» PROBLEM
Output every record exactly, and nothing more.

» EXERCISE INPUT
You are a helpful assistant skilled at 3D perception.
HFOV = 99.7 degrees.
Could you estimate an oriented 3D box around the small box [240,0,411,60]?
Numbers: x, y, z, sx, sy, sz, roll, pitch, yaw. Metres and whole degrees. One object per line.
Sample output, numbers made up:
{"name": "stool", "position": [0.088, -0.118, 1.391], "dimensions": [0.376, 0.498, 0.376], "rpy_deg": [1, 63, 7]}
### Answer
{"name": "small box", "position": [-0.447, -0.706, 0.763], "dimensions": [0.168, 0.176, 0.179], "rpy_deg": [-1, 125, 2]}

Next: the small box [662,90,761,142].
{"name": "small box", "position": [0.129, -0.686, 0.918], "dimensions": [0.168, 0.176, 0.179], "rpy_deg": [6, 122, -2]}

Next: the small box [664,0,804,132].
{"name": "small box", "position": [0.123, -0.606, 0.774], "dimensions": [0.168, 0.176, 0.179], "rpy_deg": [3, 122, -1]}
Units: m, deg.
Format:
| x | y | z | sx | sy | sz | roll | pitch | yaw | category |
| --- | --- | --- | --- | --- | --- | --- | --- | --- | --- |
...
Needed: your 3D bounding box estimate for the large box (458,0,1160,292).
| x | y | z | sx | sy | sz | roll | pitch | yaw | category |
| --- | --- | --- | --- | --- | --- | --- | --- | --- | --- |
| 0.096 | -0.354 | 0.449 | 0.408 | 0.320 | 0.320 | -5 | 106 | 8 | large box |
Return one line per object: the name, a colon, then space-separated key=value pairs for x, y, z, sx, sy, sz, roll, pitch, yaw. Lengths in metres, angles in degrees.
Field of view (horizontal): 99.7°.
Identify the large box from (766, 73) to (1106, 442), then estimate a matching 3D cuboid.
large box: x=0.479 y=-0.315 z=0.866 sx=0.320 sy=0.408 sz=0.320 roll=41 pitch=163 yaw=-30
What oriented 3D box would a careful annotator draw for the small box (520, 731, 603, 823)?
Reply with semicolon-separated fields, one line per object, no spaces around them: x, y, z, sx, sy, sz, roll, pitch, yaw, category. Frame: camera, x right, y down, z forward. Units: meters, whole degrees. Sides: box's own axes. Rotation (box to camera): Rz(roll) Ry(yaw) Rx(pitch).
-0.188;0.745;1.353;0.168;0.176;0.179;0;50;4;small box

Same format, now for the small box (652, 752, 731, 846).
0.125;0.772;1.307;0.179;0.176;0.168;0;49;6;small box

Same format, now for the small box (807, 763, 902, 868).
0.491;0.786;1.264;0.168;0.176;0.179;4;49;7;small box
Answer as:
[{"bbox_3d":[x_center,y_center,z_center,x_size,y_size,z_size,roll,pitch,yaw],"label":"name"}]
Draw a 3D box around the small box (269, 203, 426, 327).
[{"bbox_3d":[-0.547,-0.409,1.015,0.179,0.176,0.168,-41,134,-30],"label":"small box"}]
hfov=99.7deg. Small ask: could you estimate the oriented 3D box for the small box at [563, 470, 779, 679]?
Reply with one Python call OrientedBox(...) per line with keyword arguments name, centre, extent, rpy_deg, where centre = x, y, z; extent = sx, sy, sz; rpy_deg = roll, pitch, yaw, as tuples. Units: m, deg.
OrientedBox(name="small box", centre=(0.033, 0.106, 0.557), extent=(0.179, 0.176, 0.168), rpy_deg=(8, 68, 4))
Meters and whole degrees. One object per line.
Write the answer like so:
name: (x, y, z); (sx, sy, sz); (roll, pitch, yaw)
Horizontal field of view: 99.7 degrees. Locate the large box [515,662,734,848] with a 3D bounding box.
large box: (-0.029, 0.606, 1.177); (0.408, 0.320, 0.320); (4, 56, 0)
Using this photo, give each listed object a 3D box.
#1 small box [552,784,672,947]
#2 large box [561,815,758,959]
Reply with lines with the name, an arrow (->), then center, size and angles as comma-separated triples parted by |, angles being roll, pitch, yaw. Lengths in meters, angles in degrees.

» REPLY TO THE TASK
You are a helpful assistant skilled at 3D perception.
HFOV = 99.7 degrees.
Could you estimate an oriented 3D box around the small box [240,0,411,60]?
Numbers: x, y, z, sx, sy, sz, roll, pitch, yaw. Metres and whole degrees. One object per line.
Sample output, numbers made up:
{"name": "stool", "position": [0.088, -0.118, 1.391], "dimensions": [0.376, 0.498, 0.376], "rpy_deg": [1, 63, 7]}
### Answer
{"name": "small box", "position": [-0.447, -0.706, 0.763], "dimensions": [0.168, 0.176, 0.179], "rpy_deg": [-1, 125, 2]}

Next: the small box [662,90,761,142].
{"name": "small box", "position": [0.129, -0.686, 0.918], "dimensions": [0.168, 0.176, 0.179], "rpy_deg": [6, 122, -2]}

Next: the small box [664,0,804,132].
{"name": "small box", "position": [0.123, -0.606, 0.774], "dimensions": [0.168, 0.176, 0.179], "rpy_deg": [3, 122, -1]}
Units: m, deg.
Format:
| x | y | z | sx | sy | sz | roll | pitch | yaw | category |
| --- | --- | --- | --- | --- | --- | --- | --- | --- | --- |
...
Needed: your 3D bounding box estimate for the large box (458,0,1160,292).
| x | y | z | sx | sy | sz | roll | pitch | yaw | category |
| --- | --- | --- | --- | --- | --- | --- | --- | --- | --- |
| 0.096 | -0.354 | 0.449 | 0.408 | 0.320 | 0.320 | -5 | 106 | 8 | large box |
Return one line per object: the name, a colon, then space-separated key=value pairs for x, y, z, sx, sy, sz, roll, pitch, yaw. Lengths in metres, angles in degrees.
Field of view (horizontal): 99.7°.
Identify the large box from (766, 73) to (1106, 442), then estimate a matching 3D cuboid.
large box: x=0.479 y=-0.315 z=0.866 sx=0.320 sy=0.408 sz=0.320 roll=41 pitch=163 yaw=-30
What oriented 3D box would a careful annotator draw for the small box (520, 731, 603, 823)?
Reply with semicolon-separated fields, one line per object, no spaces around them: x, y, z, sx, sy, sz, roll, pitch, yaw, category. Frame: camera, x right, y down, z forward. Units: meters, whole degrees. Sides: box's own axes. Rotation (box to camera): Rz(roll) Ry(yaw) Rx(pitch).
-0.188;0.745;1.353;0.168;0.176;0.179;0;50;4;small box

Same format, now for the small box (652, 752, 731, 846).
0.125;0.772;1.307;0.179;0.176;0.168;0;49;6;small box

Same format, now for the small box (807, 763, 902, 868).
0.491;0.786;1.264;0.168;0.176;0.179;4;49;7;small box
Answer as:
[{"bbox_3d":[x_center,y_center,z_center,x_size,y_size,z_size,roll,pitch,yaw],"label":"name"}]
Draw a 3D box around the small box (269, 203, 426, 327).
[{"bbox_3d":[-0.547,-0.409,1.015,0.179,0.176,0.168,-41,134,-30],"label":"small box"}]
hfov=99.7deg. Small ask: could you estimate the oriented 3D box for the small box at [563, 470, 779, 679]?
Reply with one Python call OrientedBox(...) per line with keyword arguments name, centre, extent, rpy_deg, where centre = x, y, z; extent = sx, sy, sz; rpy_deg = roll, pitch, yaw, as tuples. Units: m, deg.
OrientedBox(name="small box", centre=(0.033, 0.106, 0.557), extent=(0.179, 0.176, 0.168), rpy_deg=(8, 68, 4))
Meters and whole degrees. One object per line.
Write the answer like so:
name: (x, y, z); (sx, sy, sz); (roll, pitch, yaw)
Horizontal field of view: 99.7 degrees. Locate the large box [515,662,734,848] with a 3D bounding box.
large box: (-0.029, 0.606, 1.177); (0.408, 0.320, 0.320); (4, 56, 0)
Using this photo, give each listed object a 3D box.
#1 small box [552,784,672,947]
#2 large box [561,815,758,959]
Reply with lines with the name, an arrow (->), then center, size and angles as comma-separated triples parted by |, angles being roll, pitch, yaw. Lengths in meters, angles in degrees.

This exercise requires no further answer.